The Eritreans laugh again. Osman holds a tiny bundle of belongings. Hossein owns nothing. The good humour of these cold, wet and destitute men is startling.
Bark at the crowd
Riot police dressed like robo-cops bark at the crowd to sit down, stand up, sit down, don’t push. The men obey. Orders are translated by Fathy (39), an Algerian volunteer. She smokes cigarettes, wears a black leather jacket and a badge that says “Peace for Palestine”.
Fathy has not slept for two days, and she launches into an angry monologue against prime minister Manuel Valls and the organisation Crif, which advocates for Jewish communities in France. "I cried in front of my refugees today," she says. "I saw a cop hit one on the head . . . If we hadn't brought them medicine, there would have been an epidemic.

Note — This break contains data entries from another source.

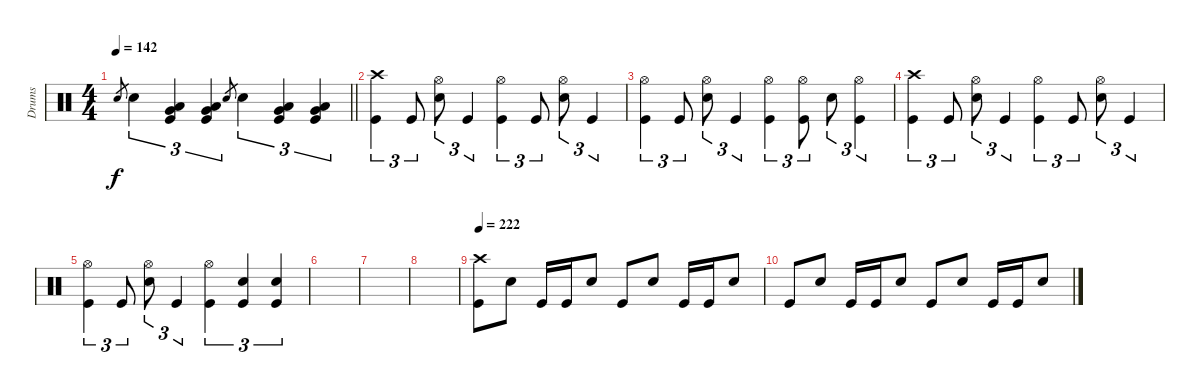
\track ("Drums" "Drums") {instrument percussion}
\staff
\articulation defaults
\ts (4 4)
\tempo 142
\clef neutral
\barLineRight lightlight
\ks c "Electric Snare (hit)".8{gr dy f} "Electric Snare (hit)".4{tu (3 2)}
("Very Low Tom (hit)" "Low Floor Tom (hit)" "Kick (hit)").4{tu (3 2)} ("Very Low Tom (hit)" "Low Floor Tom (hit)" "Kick (hit)").4{tu (3 2)} "Electric Snare (hit)".8{gr} "Electric Snare (hit)".4{tu (3 2)} ("Very Low Tom (hit)" "Low Floor Tom (hit)" "Kick (hit)").4{tu (3 2)} ("Very Low Tom (hit)" "Low Floor Tom (hit)" "Kick (hit)").4{tu (3 2)} |
\section ("" "")
("Crash high (hit)" "Kick (hit)").4{tu (3 2)} "Kick (hit)".8{tu (3 2)} ("Hi-Hat (open)" "Electric Snare (hit)").8{tu (3 2)} "Kick (hit)".4{tu (3 2)} ("Hi-Hat (open)" "Kick (hit)").4{tu (3 2)} "Kick (hit)".8{tu (3 2)} ("Hi-Hat (open)" "Electric Snare (hit)").8{tu (3 2)} "Kick (hit)".4{tu (3 2)} |
("Hi-Hat (open)" "Kick (hit)").4{tu (3 2)} "Kick (hit)".8{tu (3 2)} ("Hi-Hat (open)" "Electric Snare (hit)").8{tu (3 2)} "Kick (hit)".4{tu (3 2)} ("Hi-Hat (open)" "Kick (hit)").4{tu (3 2)} ("Hi-Hat (open)" "Kick (hit)").8{tu (3 2)} "Electric Snare (hit)".8{tu (3 2)} ("Hi-Hat (open)" "Kick (hit)").4{tu (3 2)} |
("Crash high (hit)" "Kick (hit)").4{tu (3 2)} "Kick (hit)".8{tu (3 2)} ("Hi-Hat (open)" "Electric Snare (hit)").8{tu (3 2)} "Kick (hit)".4{tu (3 2)} ("Hi-Hat (open)" "Kick (hit)").4{tu (3 2)} "Kick (hit)".8{tu (3 2)} ("Hi-Hat (open)" "Electric Snare (hit)").8{tu (3 2)} "Kick (hit)".4{tu (3 2)} |
("Hi-Hat (open)" "Kick (hit)").4{tu (3 2)} "Kick (hit)".8{tu (3 2)} ("Hi-Hat (open)" "Electric Snare (hit)").8{tu (3 2)} "Kick (hit)".4{tu (3 2)} ("Hi-Hat (open)" "Kick (hit)").4{tu (3 2)} ("Electric Snare (hit)" "Kick (hit)").4{tu (3 2)} ("Electric Snare (hit)" "Kick (hit)").4{tu (3 2)} |
|
|
|
\tempo 222
("Crash high (hit)" "Kick (hit)").8 "Electric Snare (hit)".8 "Kick (hit)".16 "Kick (hit)".16 "Electric Snare (hit)".8 "Kick (hit)".8 "Electric Snare (hit)".8 "Kick (hit)".16 "Kick (hit)".16 "Electric Snare (hit)".8 |
"Kick (hit)".8 "Electric Snare (hit)".8 "Kick (hit)".16 "Kick (hit)".16 "Electric Snare (hit)".8 "Kick (hit)".8 "Electric Snare (hit)".8 "Kick (hit)".16 "Kick (hit)".16 "Electric Snare (hit)".8
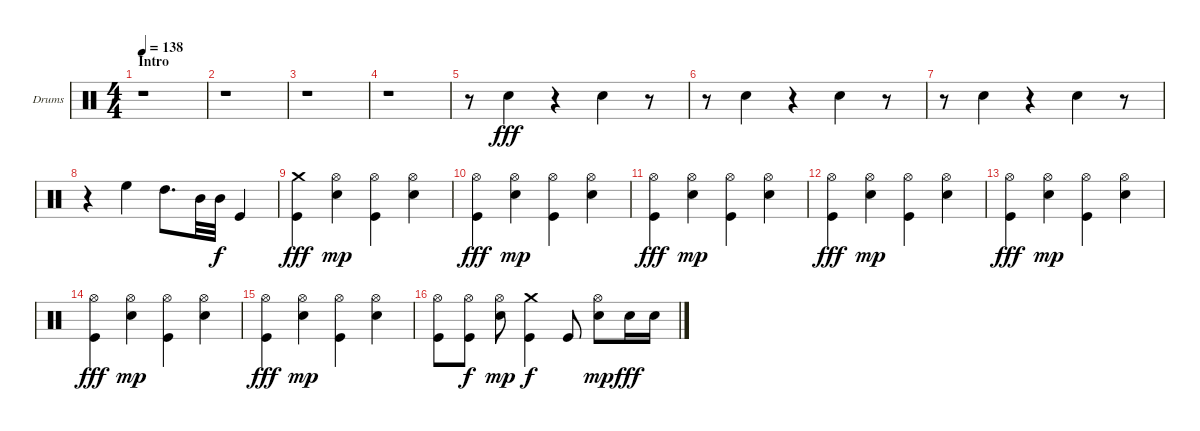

“All of them are coughing. Life is after death, not here. They’re not migrants. Migrants are birds and animals. When a Frenchman goes abroad, he’s an ‘expatriate’. When it’s a black or an Arab, he’s a ‘migrant’. Europeans destroyed their countries. They come here and they’re treated like cattle.”
Fathy's fellow volunteer, Catherine (63), is gentler. "I've seen other evacuations that were harder. I even met nice CRS [riot police] today. They told me they'd had a lot of practice in Calais."
Suddenly, it’s the men’s turn to walk the narrow aisle flanked by police, to mount the coach steps. “Goodbye. Good luck,” the women say with a hasty handshake.
As I head back to the Porte de la Chapelle, I hear voices in an abandoned tent. They are David (48) and Marie (59), a homeless French couple who had settled among the migrants. “We’ll find a spot. We don’t know where,” David says.
A two-page story in Le Monde this week describes the rise of "pauvrophobie" – rejection of the poor – encompassing migrants, welfare recipients and the homeless.
More than 92,000 homeless are given beds each night in the Paris region, while 200 people are living rough in the Bois de Vincennes, east of Paris. There have been at least four arson attacks against centres for migrants or the homeless in two months.